Things got worse for Jewish people in the Netherlands with a roundup of the first unlucky people taken and killed to serve as a warning for the rest. When summons began to come for others, one of the ones summoned in the first group was Anne’s sister Margo who was just 16 – 3 years older than Anne. Rather than sending her to certain death the family went into hiding the next day along with another family of 3. Later one more man joined them.
A revolving bookcase hid the entry between the annex and the business below. On the lower floors the warehouse extended into the annex building beneath the previously unused upper floors where the families were hiding. Most of the people working there had no idea about the hidden people so they couldn’t make any noise or run any water during the day while the business was open. They also could not look out the windows or have any light show through to the outside at night so that nobody would know they were there.
After they had spent over 2 years in hiding the war was nearly over. They were just waiting for the allies to work their way up to Amsterdam so they could finally be free. Nobody knows how they were found or who turned them in, but one night the Nazis came and arrested them all. They were sent out on the very last train to Aushweitz. After being separated and most eventually sent to other concentration camps, Anne’s father Otto Frank was the only one of the 8 people to survive. One of the people who had helped them hide found the diary, one of the few things not taken by the Nazis, who cleared out all the furniture and anything else they thought had value. The actual diary Anne filled up early on, but she kept writing on whatever paper she had available, which an employee who had helped them found scattered about and saved for when Anne returned along with the diary. Since she never returned it was given to her father, who published it as that had been Anne’s wish to publish the story of their time in the secret annex.

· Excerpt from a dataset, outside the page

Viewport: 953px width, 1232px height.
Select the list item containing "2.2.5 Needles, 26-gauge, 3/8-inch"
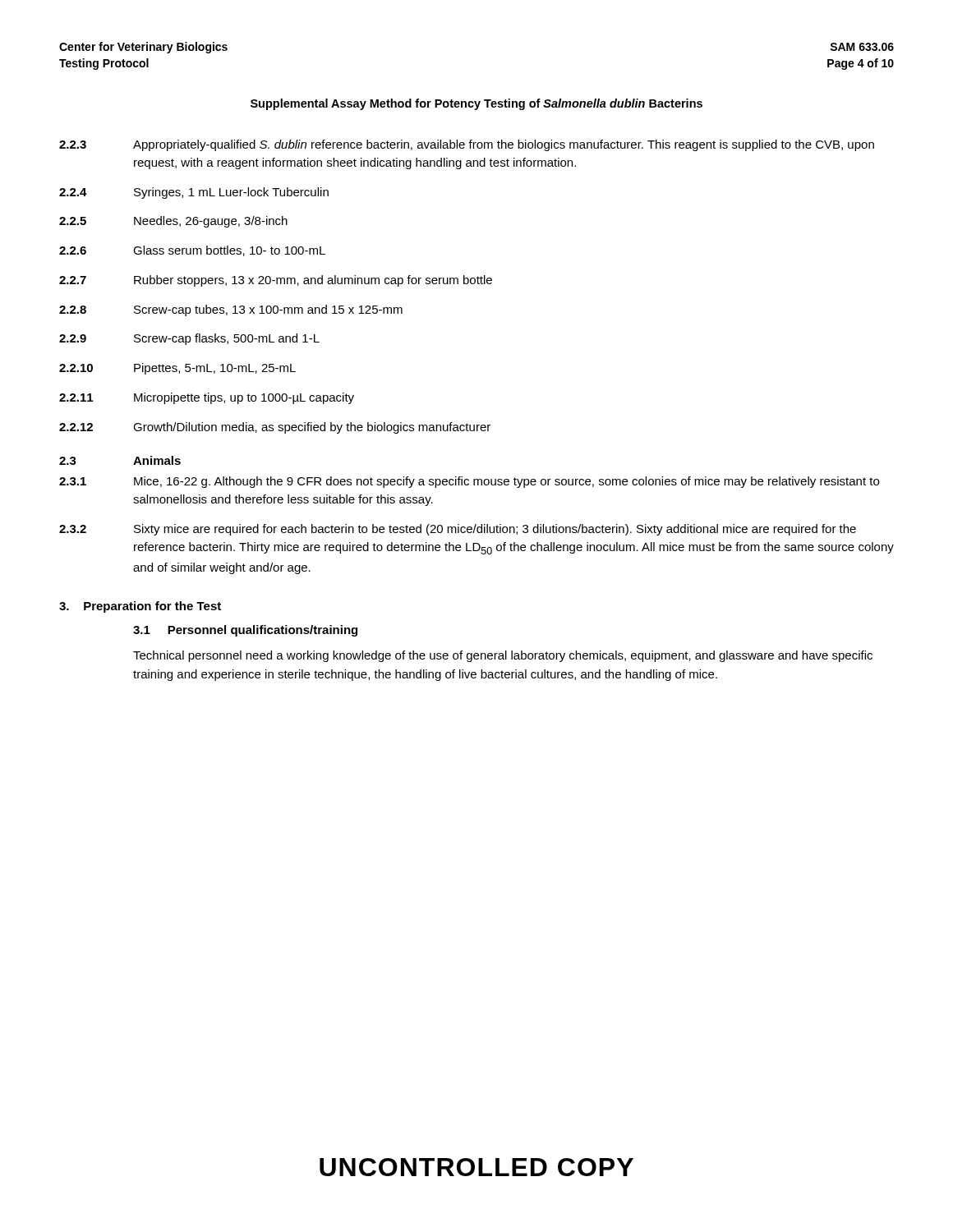click(x=173, y=222)
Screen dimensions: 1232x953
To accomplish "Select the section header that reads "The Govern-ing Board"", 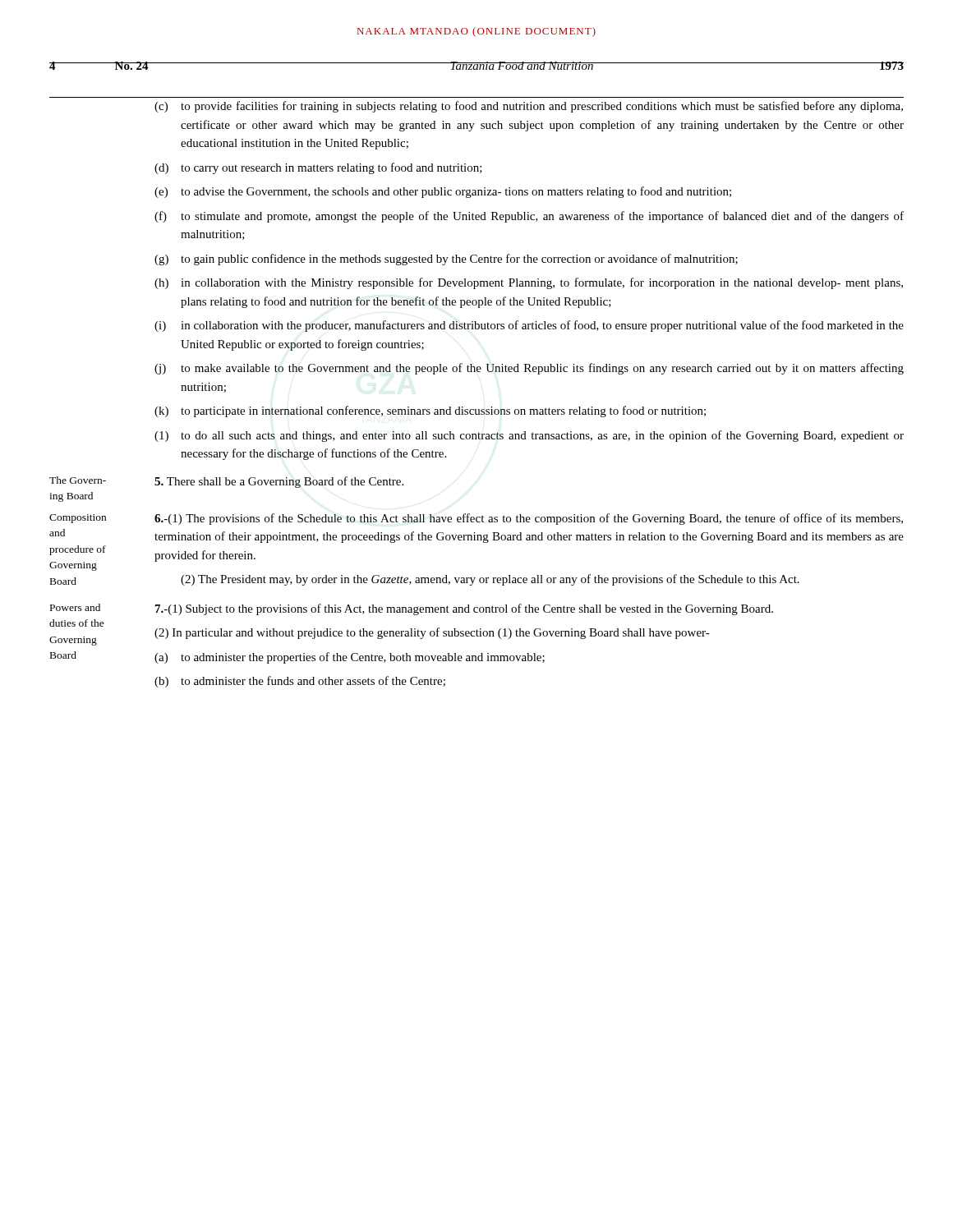I will (78, 488).
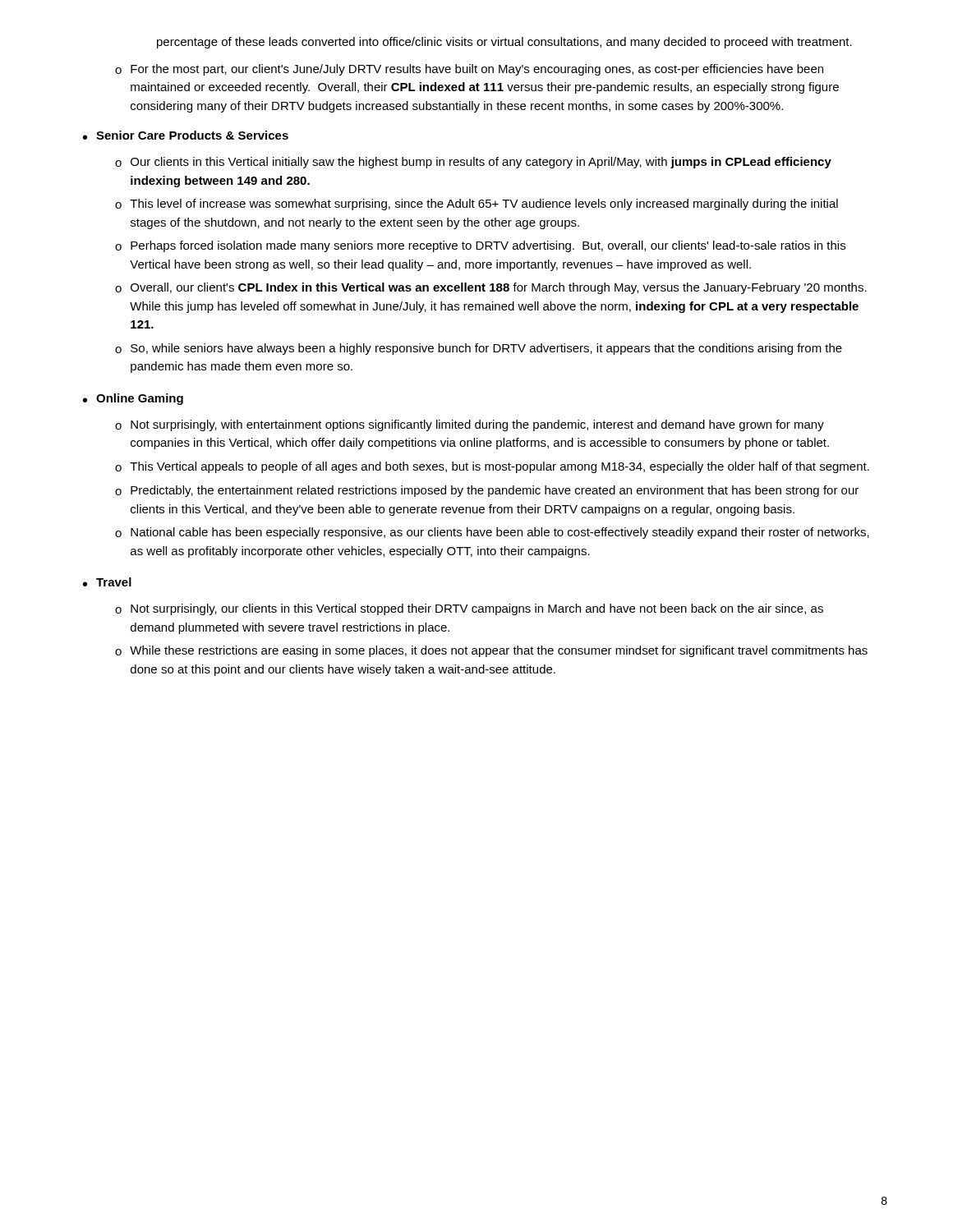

People are given audio boxes before they get into the actual museum, which have different things to say in the various rooms you pass through. Most of it is also written near pictures or items in the rooms. Once you get to the actual secret annex there is no more audio until leaving the annex into additional rooms of the museum. The annex is mostly empty rooms because it was left as it was after the Nazis took everything. The tour does of course exit through a gift shop as do most tourist attractions everywhere. There is a display there of many different versions of the diary published over the years in quite a variety of languages. There’s also a book available of Anne’s fictional writings from her time spent in the secret annex.
Up until recently I found it hard to fathom how one psychopathic leader could get so many people to support them. Unfortunately, not everyone learns from history. There’s an old saying that those who don’t learn from history are doomed to repeat it. The atrocities of World War 2 started by dehumanizing Hitler’s chosen scapegoats and getting others to believe those people are responsible for all of their troubles. Eventually when there are enough people who believe the lies and no longer see that group as fellow human beings, but rather as perpetrators of whatever horrendous deeds are attributed to them it opens the door for terrible things to happen. Those tactics are still at work.
Although pictures were not allowed at the Anne Frank Museum, Madam Tussaud’s Wax Museum in Amsterdam has a figure of Anne, in a room that contains a few furnishings that may be similar to what were in the house. Since the Nazis took everything the replicas are probably not exact. There’s also a wax replica of the bookcase used to hide the entry to the annex and pictures are allowed in the wax museum.